The membership problem for constant-sized quantum correlations is undecidable

TL;DR

This paper proves that determining whether certain fixed-sized quantum correlations can be achieved is fundamentally undecidable, highlighting intrinsic computational limits in understanding quantum entanglement and correlations.

Contribution

It demonstrates that the quantum membership problem remains undecidable even for constant-sized correlations, strengthening previous results and showing limits independent of measurement complexity.

Findings

Undecidability applies to fixed-sized quantum correlations.

The result constrains descriptions of quantum correlation sets.
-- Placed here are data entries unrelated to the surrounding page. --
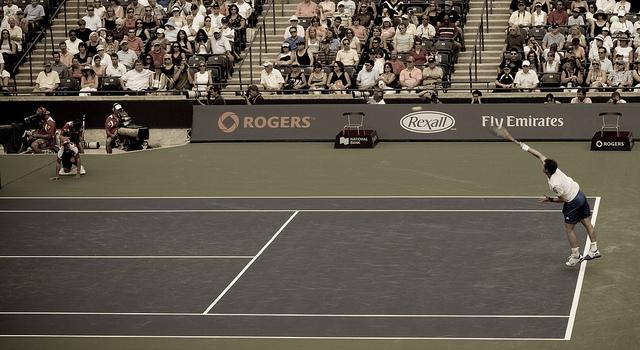What does Fly Emirates provide to the game?

Choices:
A) drink
B) food
C) sponsor
D) transportation sponsor

Proof combines quantum self-testing and undecidability of linear system nonlocal games.

Abstract

When two spatially separated parties make measurements on an unknown entangled quantum state, what correlations can they achieve? How difficult is it to determine whether a given correlation is a quantum correlation? These questions are central to problems in quantum communication and computation. Previous work has shown that the general membership problem for quantum correlations is computationally undecidable. In the current work we show something stronger: there is a family of constant-sized correlations -- that is, correlations for which the number of measurements and number of measurement outcomes are fixed -- such that solving the quantum membership problem for this family is computationally impossible. Thus, the undecidability that arises in understanding Bell experiments is not dependent on varying the number of measurements in the experiment. This places strong constraints on the types of descriptions that can be given for quantum correlation sets. Our proof is based on a combination of techniques from quantum self-testing and from undecidability results of the third author for linear system nonlocal games.